UN: Developing countries face “lost decade” & deepening distress – UNCTAD
Published in SUNS #9764 dated 14 April 2023

Geneva, 13 Apr (D. Ravi Kanth) — The developing countries are being trapped in a vicious cycle of “deepening distress” that could ultimately result in a “lost decade” for them, largely due to the recent high interest rate hikes by the central banks of the developed countries, the United Nations Conference on Trade and Development (UNCTAD) has warned.

In its latest Trade and Development Report (TDR) Update released on 12 April, UNCTAD said the deepening debt distress in developing countries could cause a “developmental crisis”, with 39 countries paying more to their external public creditors than what they received in new loans, with an adverse impact on public investments and social protection.

Amidst the likelihood of a deceleration in global economic growth in 2023, from an earlier forecast of 2.2 percent made in its TDR issued in September 2022, to its forecast of 2.1 percent this year, the TDR Update estimates that the high interest rates in the US and other developed countries could contribute to more than $800 billion in foregone income over the coming years for developing countries (excluding China), compared to what would have been generated without them.

In contrast, the International Monetary Fund’s latest forecast announced on 5 April suggests that global economic growth would hover around 2.8% and a possible “hard landing” if inflation continues to remain high.

As the IMF appears to be more concerned about the global economic growth prospects in the US and other developed countries, the TDR Update expressed grave concerns over the tight credit policies on the developing countries, whose debt burden seems to have increased by about $8 billion.

GRIM GROWTH PROSPECTS

The TDR Update said the overall growth prospects appear to be grim, with global growth estimated at below 2.2 percent in 2023, as compared to the TDR’s earlier projection of around 3.1 percent last year.

The African region is expected to grow at around 2.6 percent in 2023, while the Americas, which includes the world’s largest economy, the US, is forecast to grow at around 1.1 percent this year.

The US, according to the TDR Update, is expected to grow at 0.9 percent in 2023.

The Asian region (excluding China) is likely to register a growth of 4 percent in 2023, with China likely to grow around 4.8 percent and Japan at 1.6  percent this year.

India, according to the TDR Update, is expected to grow at 6 percent this year, while countries in South East Asia are likely to register a growth rate of around 4.1 percent.

Indonesia, the largest country in South East Asia, is expected to grow at 4.7 percent in 2023.

ANOTHER “LOST DECADE” FOR SOUTH

The TDR Update says somewhat poignantly that the developing countries face the prospect of a “lost decade” of the 2020s with inexorable debt levels and consequently, higher debt-servicing costs.
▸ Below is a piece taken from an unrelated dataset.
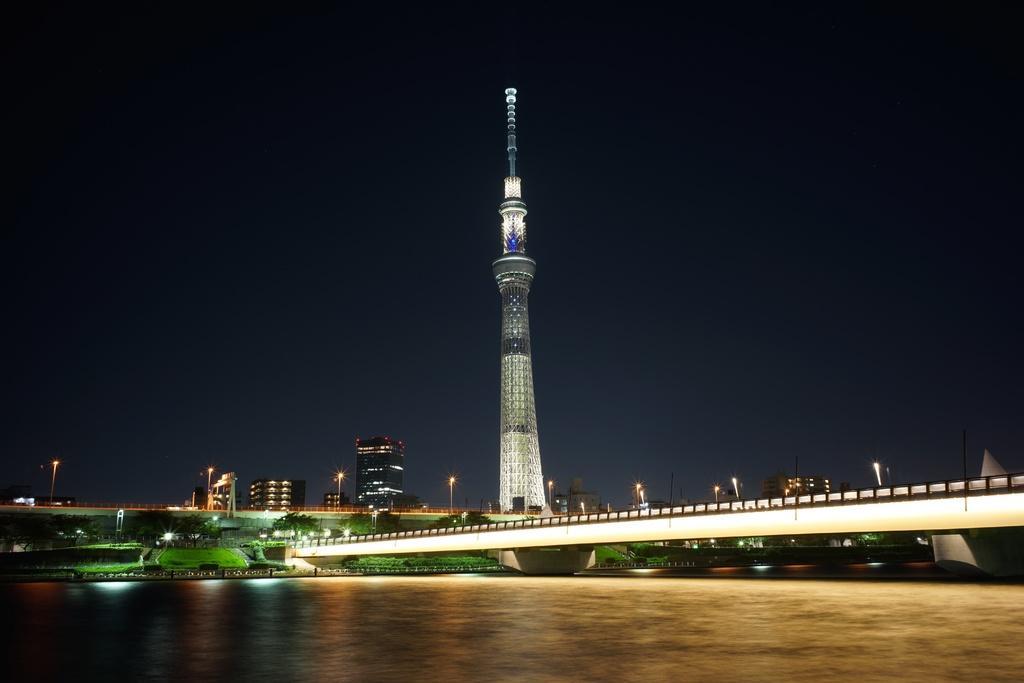Describe this image in one or two sentences. In this image we can see two bridges and a tower, there are some poles, lights, trees, grass and buildings, at the bottom of the image its looks the water.

At a time when international support remains woefully insufficient, the TDR Update calls for a fresh allocation of another $650 billion in Special Drawing Rights (SDRs) at the ongoing IMF-World Bank spring meetings in Washington DC.
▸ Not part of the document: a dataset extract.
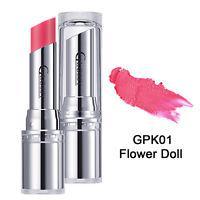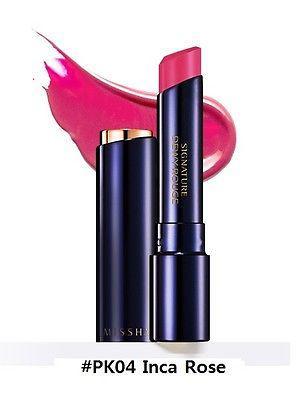The first image is the image on the left, the second image is the image on the right. For the images displayed, is the sentence "The lipstick in the right photo has a black case." factually correct? Answer yes or no. Yes. The first image is the image on the left, the second image is the image on the right. Assess this claim about the two images: "Each image shows just one lipstick next to its cap.". Correct or not? Answer yes or no. Yes. 
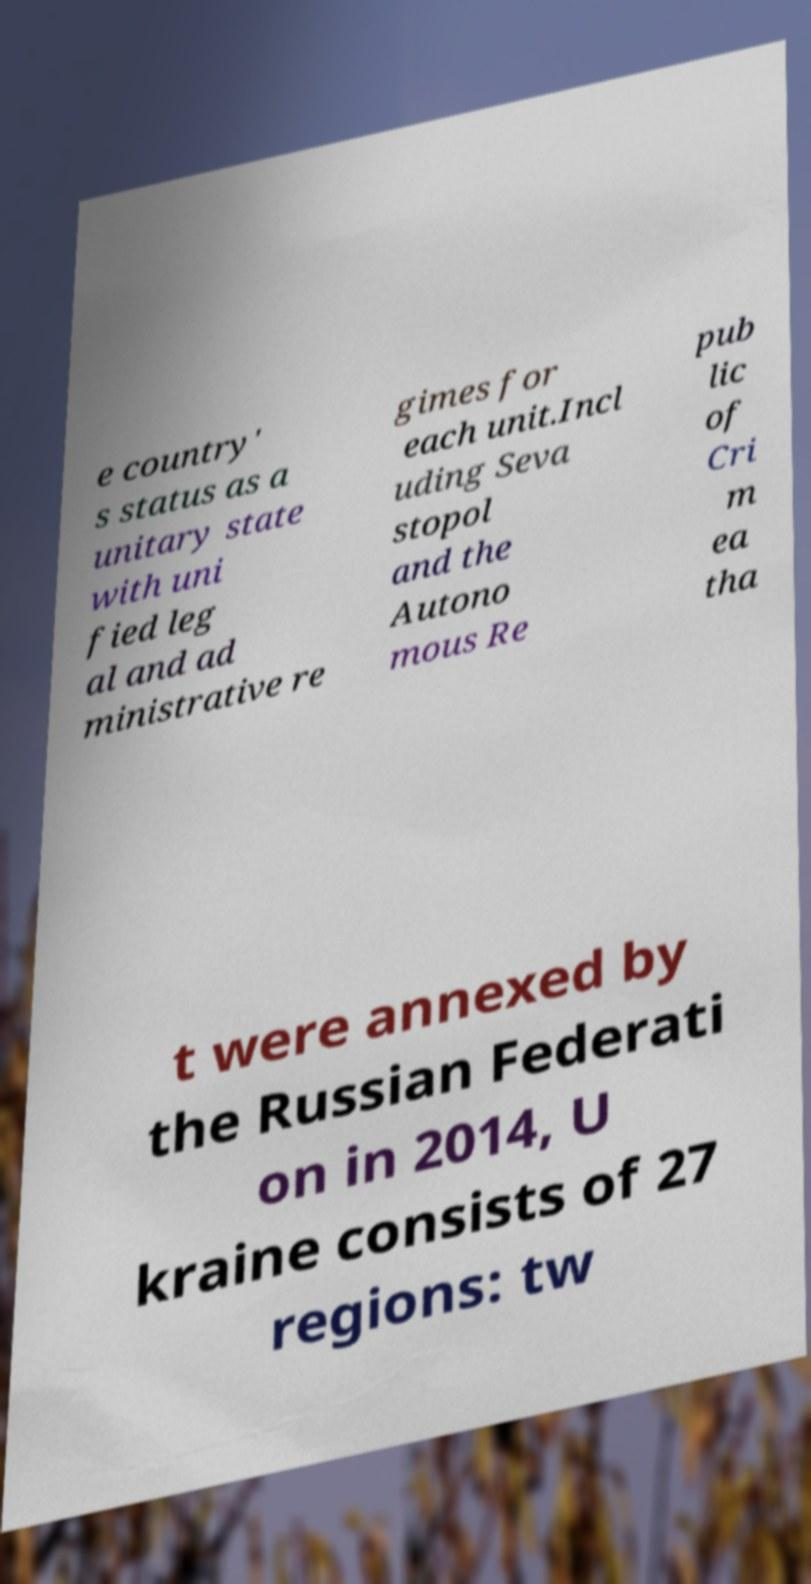I need the written content from this picture converted into text. Can you do that? e country' s status as a unitary state with uni fied leg al and ad ministrative re gimes for each unit.Incl uding Seva stopol and the Autono mous Re pub lic of Cri m ea tha t were annexed by the Russian Federati on in 2014, U kraine consists of 27 regions: tw

In a box insert in the TDR Update, UNCTAD quotes findings from a US Federal Reserve discussion paper that suggests that an increase in the Fed’s policy rate would lead to a contraction of Gross Domestic Product (GDP) in the developing countries.

According to the Fed’s study, quantitatively, for each percentage point increase in the Fed funds rate, the contraction of GDP in the developing countries is estimated to be 0.8 percentage points after three years in practice.

As the Fed’s effective rate has increased by 4.8 percentage points since January 2022, the estimated contraction of GDP in the developing countries is around 3.9 percent by 2025, or $814 billion.

The TDR Update seems to have provided a thorough analysis of the current bank crises in some of the developed countries as well as the cost-of-living crisis due to failed regulatory oversight that allowed opaque and increasingly concentrated markets.

NEED FOR WIDE SYSTEMIC OVERSIGHT

The current banking crises in some of the developed countries has created fears of the 2008 financial crisis re-surfacing all over again.

Against this backdrop, the TDR Update calls for closing the loopholes left in the wake of the 2007-09 crisis as well as widening the scope of systemic oversight and reforming the growing shadow banking institutions, particularly the hedge funds and asset management companies, which form part of what the neo-classical economist John Maynard Keynes called “Casino Capitalism.”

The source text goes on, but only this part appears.